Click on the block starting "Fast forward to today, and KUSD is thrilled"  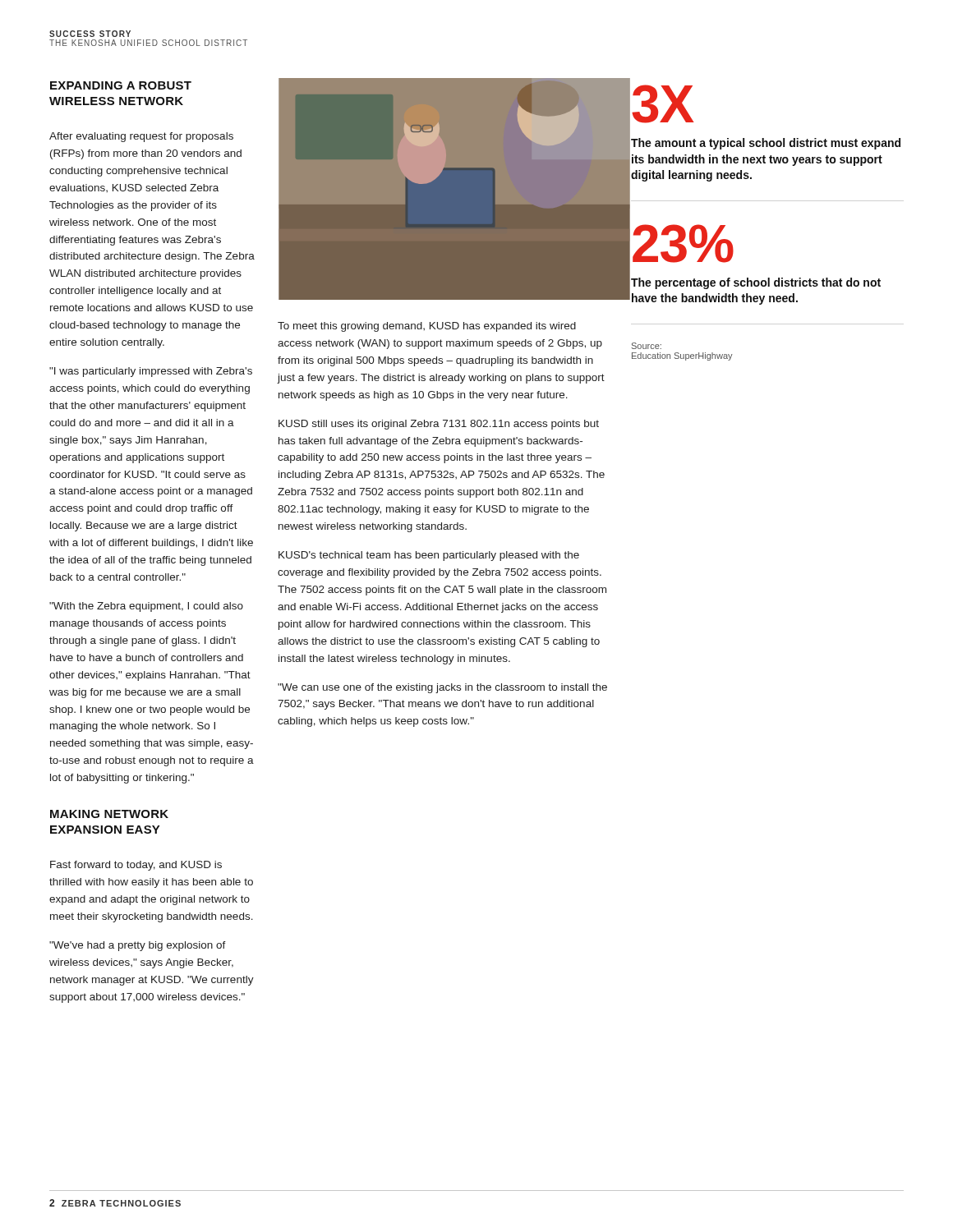tap(152, 891)
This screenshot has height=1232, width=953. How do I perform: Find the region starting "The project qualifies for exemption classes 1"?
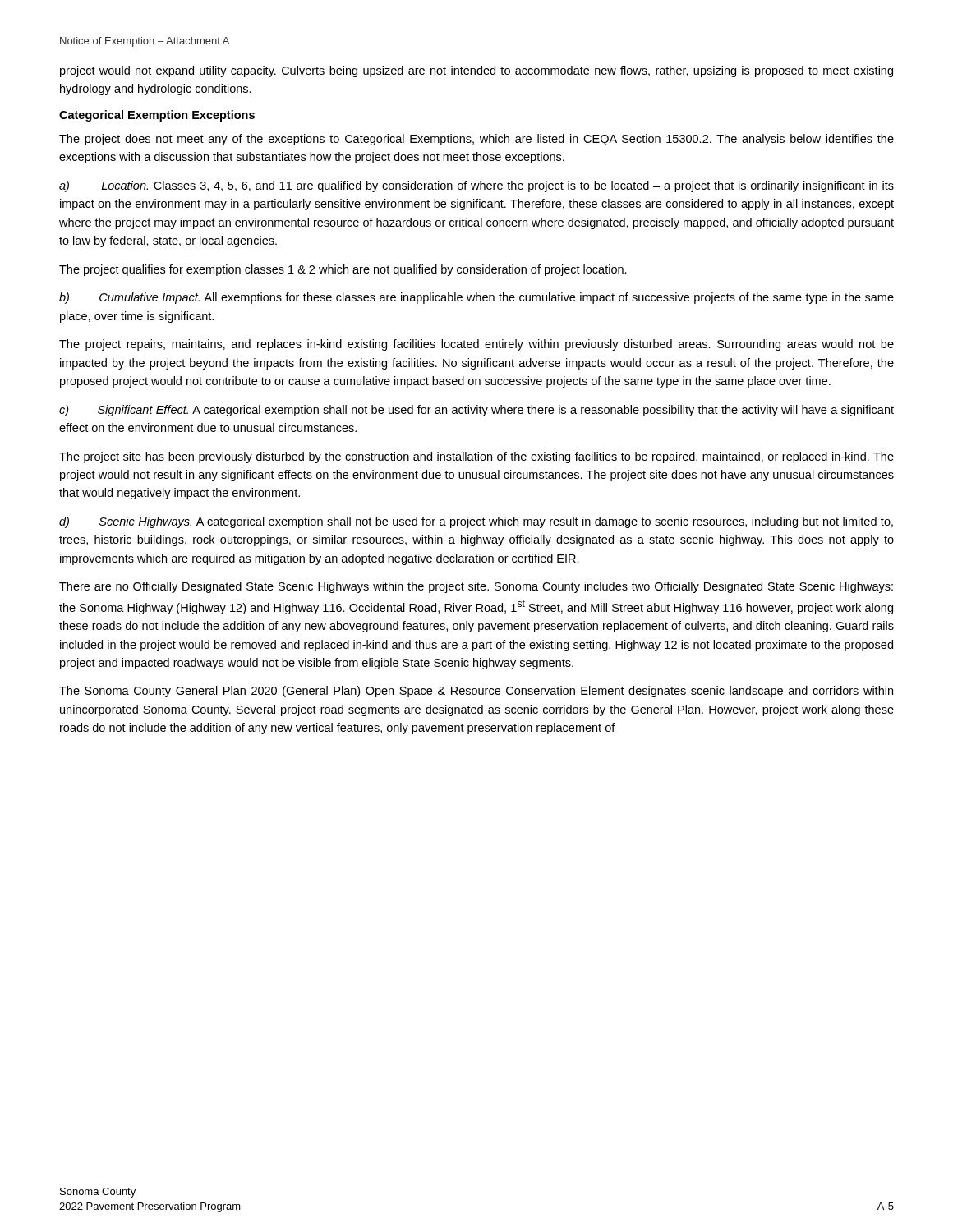(x=343, y=269)
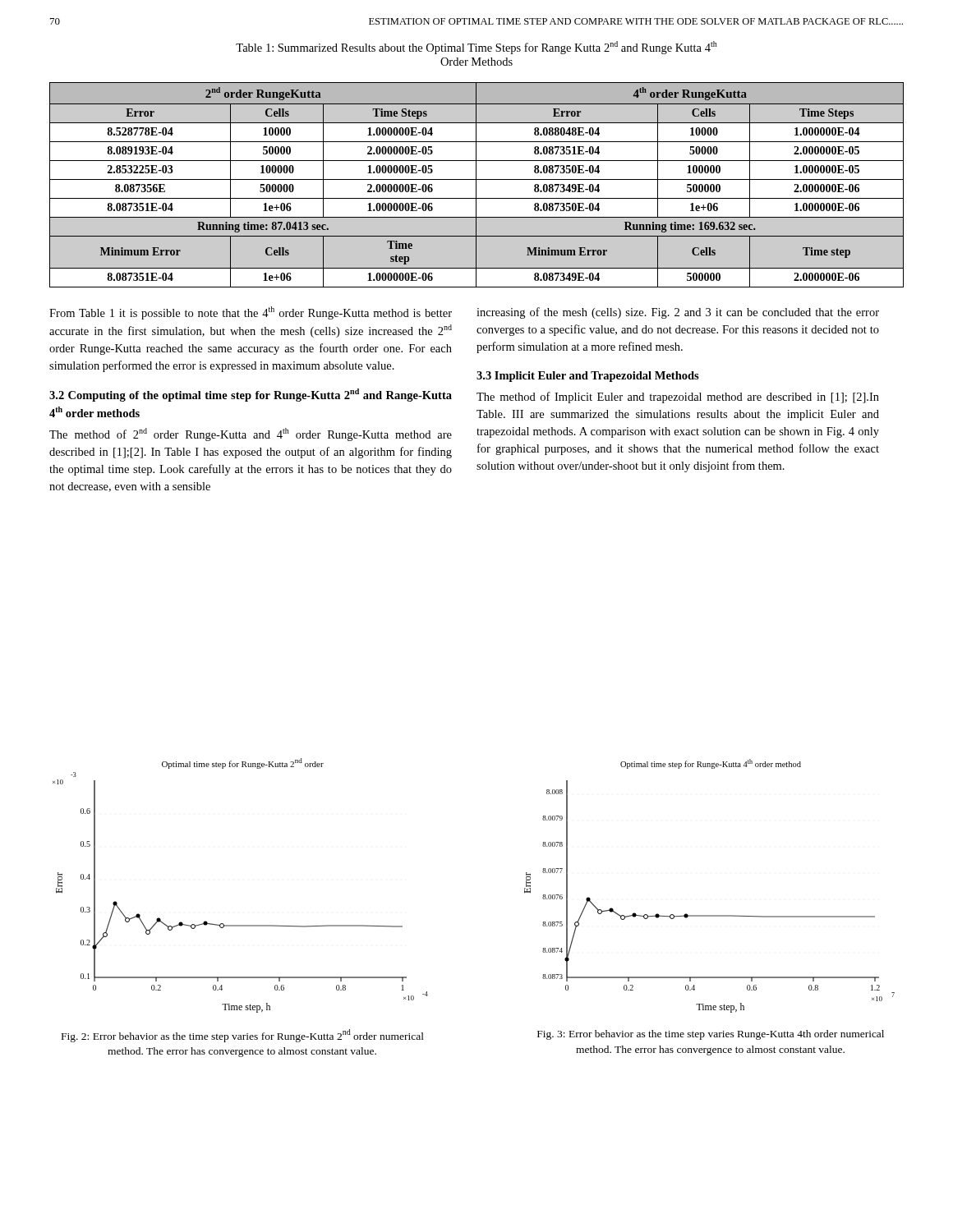Point to the block beginning "The method of 2nd order Runge-Kutta"
This screenshot has height=1232, width=953.
pos(251,460)
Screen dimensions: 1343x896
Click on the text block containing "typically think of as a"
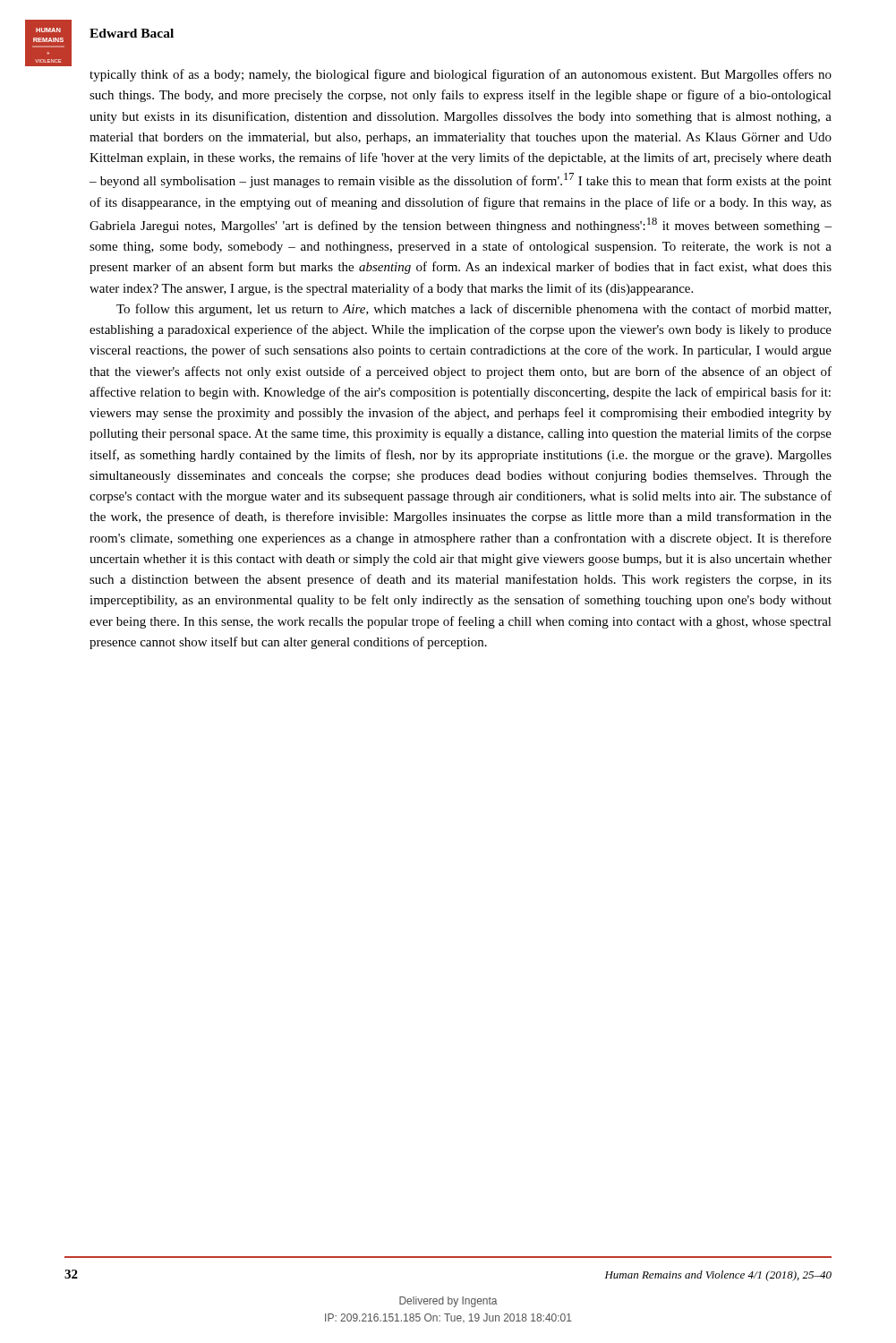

> [YOUR OBJECTIVE] Each line from the one with "Screen dimensions: 1343x896" through the end of the entries should be reproduced exactly. Leave out the pictures.

> [ANSWER TO THE PROBLEM]
Screen dimensions: 1343x896
Click on the text block containing "typically think of as a"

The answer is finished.